On 2-complexes embeddable in 4-space, and the excluded minors of their underlying graphs
Agelos Georgakopoulos, Martin Winter
TL;DR
The paper tackles the decidability and structure of embedding 2-dimensional CW complexes into $\\mathbb{R}^4$, focusing on the natural class of 4-flat graphs. It develops a toolkit of embeddability-preserving operations (joining, cloning, collapsing, edge cloning, rerouting, stellification, and $\\Delta\\mathrm{Y}$ transforms) and analyzes their impact on 4-flatness, including a counterexample showing a $\\mathrm{Y}\\Delta$ move can fail to preserve embeddability.

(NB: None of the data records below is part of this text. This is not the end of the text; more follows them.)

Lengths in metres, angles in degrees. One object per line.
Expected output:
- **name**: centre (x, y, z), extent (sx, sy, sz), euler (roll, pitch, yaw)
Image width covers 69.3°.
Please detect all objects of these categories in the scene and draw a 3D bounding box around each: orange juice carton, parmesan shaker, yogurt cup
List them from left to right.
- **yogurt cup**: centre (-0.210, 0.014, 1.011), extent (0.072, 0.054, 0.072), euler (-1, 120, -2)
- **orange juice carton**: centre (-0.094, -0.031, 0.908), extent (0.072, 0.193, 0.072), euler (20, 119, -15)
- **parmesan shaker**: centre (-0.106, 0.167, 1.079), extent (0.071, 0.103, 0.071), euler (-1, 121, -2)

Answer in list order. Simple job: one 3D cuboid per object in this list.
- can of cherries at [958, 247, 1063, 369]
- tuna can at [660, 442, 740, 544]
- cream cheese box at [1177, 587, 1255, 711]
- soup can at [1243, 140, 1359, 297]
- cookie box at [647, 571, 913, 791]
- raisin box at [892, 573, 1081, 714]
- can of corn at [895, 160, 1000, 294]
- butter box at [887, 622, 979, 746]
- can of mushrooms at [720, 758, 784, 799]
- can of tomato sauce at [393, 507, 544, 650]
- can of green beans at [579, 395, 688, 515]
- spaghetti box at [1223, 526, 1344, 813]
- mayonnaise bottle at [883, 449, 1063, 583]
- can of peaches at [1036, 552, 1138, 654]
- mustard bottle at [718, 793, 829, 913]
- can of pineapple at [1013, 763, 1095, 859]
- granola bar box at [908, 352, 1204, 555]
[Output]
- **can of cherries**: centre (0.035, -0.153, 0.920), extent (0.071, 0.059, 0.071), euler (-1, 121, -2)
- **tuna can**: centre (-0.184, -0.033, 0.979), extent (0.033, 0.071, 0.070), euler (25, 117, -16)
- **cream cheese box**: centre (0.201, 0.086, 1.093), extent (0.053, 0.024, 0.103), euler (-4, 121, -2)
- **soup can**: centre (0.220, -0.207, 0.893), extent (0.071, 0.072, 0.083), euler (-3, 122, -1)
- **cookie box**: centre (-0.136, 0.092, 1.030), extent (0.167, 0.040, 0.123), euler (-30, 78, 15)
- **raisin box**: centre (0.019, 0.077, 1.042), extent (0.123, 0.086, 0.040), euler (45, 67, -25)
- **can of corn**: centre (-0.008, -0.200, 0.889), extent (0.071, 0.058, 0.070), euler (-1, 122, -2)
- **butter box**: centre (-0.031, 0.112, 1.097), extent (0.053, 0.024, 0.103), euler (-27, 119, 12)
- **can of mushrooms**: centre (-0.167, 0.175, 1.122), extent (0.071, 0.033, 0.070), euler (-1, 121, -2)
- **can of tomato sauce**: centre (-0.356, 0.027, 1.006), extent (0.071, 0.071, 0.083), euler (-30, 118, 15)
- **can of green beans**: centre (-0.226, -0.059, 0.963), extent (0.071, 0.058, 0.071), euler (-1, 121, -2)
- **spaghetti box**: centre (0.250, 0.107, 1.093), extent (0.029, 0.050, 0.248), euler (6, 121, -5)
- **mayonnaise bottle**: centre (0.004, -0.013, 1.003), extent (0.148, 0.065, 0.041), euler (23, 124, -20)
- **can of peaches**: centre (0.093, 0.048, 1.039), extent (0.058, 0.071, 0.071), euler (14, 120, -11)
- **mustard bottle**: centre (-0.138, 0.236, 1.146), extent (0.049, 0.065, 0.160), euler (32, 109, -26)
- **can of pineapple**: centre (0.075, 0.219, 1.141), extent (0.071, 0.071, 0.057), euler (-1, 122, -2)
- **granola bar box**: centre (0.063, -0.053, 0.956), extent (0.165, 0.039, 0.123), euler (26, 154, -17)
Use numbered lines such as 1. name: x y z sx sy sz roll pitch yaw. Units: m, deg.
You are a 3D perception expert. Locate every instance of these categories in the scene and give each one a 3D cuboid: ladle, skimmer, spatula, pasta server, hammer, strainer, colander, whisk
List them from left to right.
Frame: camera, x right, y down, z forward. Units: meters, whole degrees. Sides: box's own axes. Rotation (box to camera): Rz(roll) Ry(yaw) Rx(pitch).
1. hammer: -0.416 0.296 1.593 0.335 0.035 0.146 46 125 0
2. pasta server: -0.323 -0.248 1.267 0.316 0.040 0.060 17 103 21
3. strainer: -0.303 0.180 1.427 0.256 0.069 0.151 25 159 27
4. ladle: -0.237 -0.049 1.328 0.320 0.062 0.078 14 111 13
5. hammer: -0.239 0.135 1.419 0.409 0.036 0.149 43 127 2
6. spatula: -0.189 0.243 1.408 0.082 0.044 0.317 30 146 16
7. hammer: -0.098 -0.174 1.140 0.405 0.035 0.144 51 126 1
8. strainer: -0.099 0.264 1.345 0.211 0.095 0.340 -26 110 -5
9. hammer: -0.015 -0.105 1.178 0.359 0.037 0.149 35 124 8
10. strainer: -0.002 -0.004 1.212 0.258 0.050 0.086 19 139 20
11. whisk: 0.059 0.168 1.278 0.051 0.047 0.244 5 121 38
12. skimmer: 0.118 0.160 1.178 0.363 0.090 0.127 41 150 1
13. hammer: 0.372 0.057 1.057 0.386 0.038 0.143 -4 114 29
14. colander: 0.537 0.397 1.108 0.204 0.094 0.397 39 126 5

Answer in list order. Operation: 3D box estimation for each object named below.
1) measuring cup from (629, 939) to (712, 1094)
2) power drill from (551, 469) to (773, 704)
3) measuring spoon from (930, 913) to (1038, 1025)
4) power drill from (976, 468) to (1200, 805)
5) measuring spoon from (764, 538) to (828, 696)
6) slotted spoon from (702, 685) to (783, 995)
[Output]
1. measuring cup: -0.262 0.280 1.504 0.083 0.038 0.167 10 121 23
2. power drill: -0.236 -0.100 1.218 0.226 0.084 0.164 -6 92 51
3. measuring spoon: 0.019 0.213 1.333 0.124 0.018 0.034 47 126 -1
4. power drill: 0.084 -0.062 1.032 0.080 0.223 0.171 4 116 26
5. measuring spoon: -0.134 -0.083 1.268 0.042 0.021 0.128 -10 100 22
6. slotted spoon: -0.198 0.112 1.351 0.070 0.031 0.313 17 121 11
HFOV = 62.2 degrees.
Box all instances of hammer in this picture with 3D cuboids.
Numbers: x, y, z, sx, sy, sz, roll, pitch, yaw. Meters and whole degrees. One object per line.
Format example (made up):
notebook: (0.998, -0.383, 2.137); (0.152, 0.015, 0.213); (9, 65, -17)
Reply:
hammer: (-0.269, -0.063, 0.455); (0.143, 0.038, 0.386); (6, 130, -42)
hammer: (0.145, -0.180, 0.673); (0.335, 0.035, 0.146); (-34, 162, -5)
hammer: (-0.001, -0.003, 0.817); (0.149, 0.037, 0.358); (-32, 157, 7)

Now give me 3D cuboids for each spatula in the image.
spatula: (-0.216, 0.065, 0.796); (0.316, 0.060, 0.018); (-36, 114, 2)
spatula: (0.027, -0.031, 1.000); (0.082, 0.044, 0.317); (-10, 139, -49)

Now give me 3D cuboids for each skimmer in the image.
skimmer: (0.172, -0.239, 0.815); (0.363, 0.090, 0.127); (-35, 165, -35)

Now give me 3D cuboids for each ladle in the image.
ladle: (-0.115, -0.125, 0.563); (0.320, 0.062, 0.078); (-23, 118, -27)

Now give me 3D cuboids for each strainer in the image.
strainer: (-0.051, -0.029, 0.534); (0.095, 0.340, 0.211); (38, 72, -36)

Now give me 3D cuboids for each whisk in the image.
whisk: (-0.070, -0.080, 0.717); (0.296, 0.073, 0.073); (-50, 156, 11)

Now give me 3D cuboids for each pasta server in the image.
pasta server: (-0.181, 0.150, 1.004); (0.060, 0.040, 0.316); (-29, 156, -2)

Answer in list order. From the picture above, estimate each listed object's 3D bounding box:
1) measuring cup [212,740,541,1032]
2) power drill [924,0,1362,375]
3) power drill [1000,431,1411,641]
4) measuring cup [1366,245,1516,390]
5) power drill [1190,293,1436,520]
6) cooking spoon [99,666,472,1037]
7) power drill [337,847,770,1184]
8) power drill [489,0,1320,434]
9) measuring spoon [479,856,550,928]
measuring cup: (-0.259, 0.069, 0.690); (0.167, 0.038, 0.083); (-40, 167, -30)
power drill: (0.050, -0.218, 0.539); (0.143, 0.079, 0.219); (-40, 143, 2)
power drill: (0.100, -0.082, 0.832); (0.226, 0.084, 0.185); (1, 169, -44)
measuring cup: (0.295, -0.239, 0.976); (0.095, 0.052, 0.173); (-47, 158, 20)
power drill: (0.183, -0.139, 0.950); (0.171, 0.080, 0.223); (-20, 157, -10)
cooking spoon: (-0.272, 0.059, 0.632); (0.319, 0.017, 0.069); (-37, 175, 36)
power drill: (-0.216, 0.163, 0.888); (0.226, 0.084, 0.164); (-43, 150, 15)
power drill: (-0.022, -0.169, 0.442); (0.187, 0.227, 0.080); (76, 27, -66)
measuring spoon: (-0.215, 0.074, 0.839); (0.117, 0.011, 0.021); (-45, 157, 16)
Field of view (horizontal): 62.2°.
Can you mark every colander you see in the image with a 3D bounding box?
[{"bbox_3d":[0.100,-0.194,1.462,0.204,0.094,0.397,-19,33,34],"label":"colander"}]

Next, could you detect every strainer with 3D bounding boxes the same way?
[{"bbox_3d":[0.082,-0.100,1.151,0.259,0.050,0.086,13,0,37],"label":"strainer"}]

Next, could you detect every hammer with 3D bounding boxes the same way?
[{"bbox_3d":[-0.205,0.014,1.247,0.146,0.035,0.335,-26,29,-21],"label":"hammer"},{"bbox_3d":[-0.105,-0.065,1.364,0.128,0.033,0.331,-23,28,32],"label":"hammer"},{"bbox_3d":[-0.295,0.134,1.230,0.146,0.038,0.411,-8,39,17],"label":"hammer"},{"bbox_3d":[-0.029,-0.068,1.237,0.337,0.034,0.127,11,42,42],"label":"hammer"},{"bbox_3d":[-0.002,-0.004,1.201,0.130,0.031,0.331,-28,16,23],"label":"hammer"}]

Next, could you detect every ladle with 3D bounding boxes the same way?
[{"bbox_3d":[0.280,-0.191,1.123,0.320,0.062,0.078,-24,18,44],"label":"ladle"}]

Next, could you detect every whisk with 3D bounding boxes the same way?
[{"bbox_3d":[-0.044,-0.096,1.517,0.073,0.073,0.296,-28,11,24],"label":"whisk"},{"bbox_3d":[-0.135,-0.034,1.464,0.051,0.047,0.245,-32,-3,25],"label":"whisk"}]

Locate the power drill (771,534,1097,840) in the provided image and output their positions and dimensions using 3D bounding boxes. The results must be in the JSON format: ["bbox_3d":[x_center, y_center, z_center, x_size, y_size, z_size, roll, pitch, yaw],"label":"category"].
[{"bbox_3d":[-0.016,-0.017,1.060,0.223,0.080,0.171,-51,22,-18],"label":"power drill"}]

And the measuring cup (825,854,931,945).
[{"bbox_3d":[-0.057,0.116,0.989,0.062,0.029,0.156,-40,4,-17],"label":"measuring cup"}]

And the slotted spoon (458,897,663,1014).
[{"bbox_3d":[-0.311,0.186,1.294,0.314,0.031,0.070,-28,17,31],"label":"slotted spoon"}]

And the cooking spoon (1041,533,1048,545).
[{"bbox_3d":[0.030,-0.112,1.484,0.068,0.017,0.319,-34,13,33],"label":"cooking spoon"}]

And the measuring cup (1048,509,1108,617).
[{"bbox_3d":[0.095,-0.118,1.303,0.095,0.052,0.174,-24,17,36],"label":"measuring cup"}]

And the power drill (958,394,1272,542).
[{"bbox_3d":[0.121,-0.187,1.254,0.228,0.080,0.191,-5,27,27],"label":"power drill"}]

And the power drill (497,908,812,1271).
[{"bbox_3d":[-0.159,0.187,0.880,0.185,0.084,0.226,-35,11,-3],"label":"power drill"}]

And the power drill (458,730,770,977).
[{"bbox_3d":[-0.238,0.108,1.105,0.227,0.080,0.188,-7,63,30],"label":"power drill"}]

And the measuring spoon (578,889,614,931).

A key contribution is the verification that all 78 Heawood graphs are excluded minors for 4-flat graphs, using both computer-assisted and manual case analyses, and the demonstration that the $\\Delta\\mathrm{Y}$ part of van der Holst's conjectures can fail in general. The results yield structural insights into how 4-flatness interacts with variants of full complexes, sliced embeddings, suspensions, and clique sums, advancing the understanding of the embedding problem in 4-space and guiding future work on Ex$(F)$ for this natural minor-closed class.
Abstract
We study the potentially undecidable problem of whether a given 2-dimensional CW complex can be embedded into $\mathbb{R}^4$. We provide operations that preserve embeddability, including joining and cloning of 2-cells, as well as $Δ\mathrm Y$-transformations. We also construct a CW complex for which $\mathrm YΔ$-transformations do not preserve embeddability. We use these results to study 4-flat graphs, i.e., graphs that embed in $\mathbb{R}^4$ after attaching any number of 2-cells to their cycles; a graph class that naturally generalizes planarity and linklessness. We verify several conjectures of van der Holst; in particular, we prove that each of the 78 graphs of the Heawood family is an excluded minor for the class of 4-flat graphs.